Christian leaders across denominations have compromised with Darwinian evolutionary theory, which has caused havoc of faith for millions. Many Christian leaders argue that God used evolution to create all life. This position is neither biblical nor scientific and opens the door for utter ridicule and disrespect. If Darwinian macro-evolutionary theory is true then any belief in God is nothing more than blind faith because God is not necessary for the process.

The Bible teaches that God began with a perfect creation where there was no suffering and death. There was death of plant life but not life possessing "soul" (i.e. animals and humans). There was even perfect peace and harmony between animals. There were no meat-eating animals in the beginning (Genesis 1:30). Animal and human death did not occur until after man sinned. There was no struggle and survival-of-the-fittest among animals or man in the beginning. Man and all creation, which was placed under man, fell to imperfection, struggle, suffering, and death because of the sin of Adam and Eve, mankind's first parents. All this is opposite to what Darwinian macro-evolutionary theory teaches. Unlike the Bible, the theory of evolution teaches the world was never perfect and the animal kingdom always existed with struggle and suffering and death (extinction). Scripture teaches these conditions came into being after the fall of man - not before!

You cannot mix Darwinian macro-evolution and the Bible. To say God used evolution to create man is in direct contradiction to the doctrine of the Fall of Man because the process of evolution involves struggle, pain, suffering, and death. God did not begin with these or with half-evolved fish, amphibians, reptiles, birds, mammals, etc. God created a perfect world with complete, fully-functioning, and fully-formed species from the very beginning (i.e. complete fish, complete amphibians, complete reptiles, complete birds, complete mammals, etc.). How could a partially-evolved species survive anyway? It would be unfit for survival. Survival-of-the-fittest wouldn't allow for partially-evolved species with partially-evolved tissues, organs, and biological functions and structures to survive!

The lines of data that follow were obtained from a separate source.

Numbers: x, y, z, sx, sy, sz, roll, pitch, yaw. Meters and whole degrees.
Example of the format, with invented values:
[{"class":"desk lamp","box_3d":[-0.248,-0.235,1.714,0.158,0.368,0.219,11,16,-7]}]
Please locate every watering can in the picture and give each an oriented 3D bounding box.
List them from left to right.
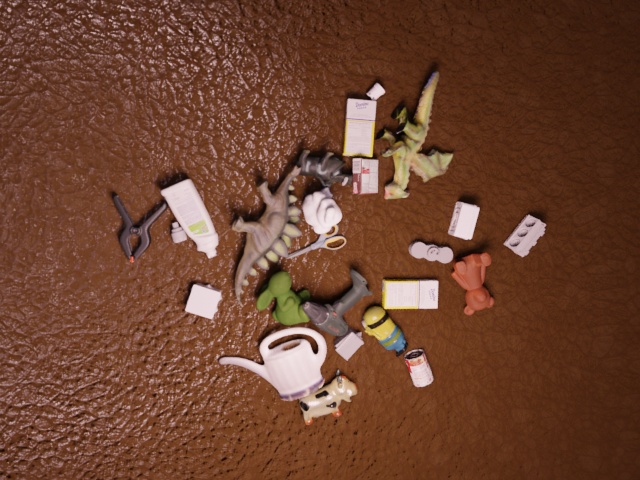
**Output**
[{"class":"watering can","box_3d":[-0.130,0.404,1.633,0.346,0.105,0.223,-21,96,11]}]

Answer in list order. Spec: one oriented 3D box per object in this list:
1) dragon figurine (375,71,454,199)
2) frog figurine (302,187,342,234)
[{"class":"dragon figurine","box_3d":[0.322,-0.304,1.636,0.240,0.123,0.410,38,92,-23]},{"class":"frog figurine","box_3d":[0.005,-0.079,1.569,0.123,0.162,0.135,4,116,0]}]
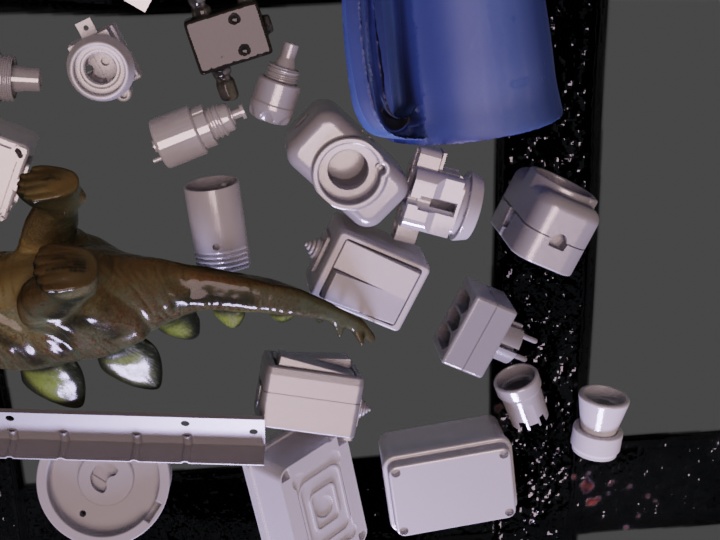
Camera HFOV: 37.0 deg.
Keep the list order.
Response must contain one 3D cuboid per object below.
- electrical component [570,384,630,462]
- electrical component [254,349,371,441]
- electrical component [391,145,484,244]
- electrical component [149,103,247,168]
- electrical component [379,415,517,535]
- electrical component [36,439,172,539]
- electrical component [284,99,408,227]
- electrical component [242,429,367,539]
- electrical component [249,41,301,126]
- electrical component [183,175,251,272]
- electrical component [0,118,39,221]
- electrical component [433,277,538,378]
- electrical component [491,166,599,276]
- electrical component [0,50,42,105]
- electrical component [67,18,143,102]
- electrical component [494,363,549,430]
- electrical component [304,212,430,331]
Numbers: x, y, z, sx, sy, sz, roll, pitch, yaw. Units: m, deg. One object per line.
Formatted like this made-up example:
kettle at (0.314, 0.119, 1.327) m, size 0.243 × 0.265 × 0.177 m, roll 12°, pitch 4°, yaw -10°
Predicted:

More and more evolutionary scientists are abandoning the theory of gradual macro-evolution and are adopting a new theory, "Punctuated Equilibrium" which teaches that life forms changed suddenly, not gradually, by chance from one kind to another as a result of massive random genetic mutations caused by massive random radiation from the environment.

The reason for this big change among evolutionists is because they realize that species cannot survive in a partially evolved state with incomplete traits, tissues, organs, and body functions. A reptile with scales in the process of turning to feathers would not have the function of either trait.

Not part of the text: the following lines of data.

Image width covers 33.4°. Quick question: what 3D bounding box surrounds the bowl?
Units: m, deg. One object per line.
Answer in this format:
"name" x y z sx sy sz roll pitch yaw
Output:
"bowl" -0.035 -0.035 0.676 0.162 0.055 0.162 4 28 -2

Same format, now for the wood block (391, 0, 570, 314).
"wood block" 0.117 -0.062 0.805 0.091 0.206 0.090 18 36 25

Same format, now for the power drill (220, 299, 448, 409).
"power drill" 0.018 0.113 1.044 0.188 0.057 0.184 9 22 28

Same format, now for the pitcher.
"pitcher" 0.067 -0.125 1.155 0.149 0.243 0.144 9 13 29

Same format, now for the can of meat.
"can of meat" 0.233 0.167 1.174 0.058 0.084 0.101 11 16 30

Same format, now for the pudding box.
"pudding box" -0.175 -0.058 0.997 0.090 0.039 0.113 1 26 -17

The problem with punctuated equilibria, however, is that it is contrary to what we know about the nature of mutations and radiation. Punctuated equilibrium is nothing more than blind faith.

In Genesis 1, God says 10 different times that all living things must reproduce after their own "kind," not into other kinds! A dog must reproduce a dog. Different varieties of dogs are possible genetically, but they will all still be dogs and not something else.

God placed within the "kinds" the genetic ability for variation and change to adapt to changing environments, but this is not the same as evolution from one kind into another kind as Darwinian macro-evolutionary theory teaches.

All the biological similarities between species are because of a common Designer (God) Who designed similar functions for similar purposes in all the various forms of life, not because of a common ancestry as evolutionists teach.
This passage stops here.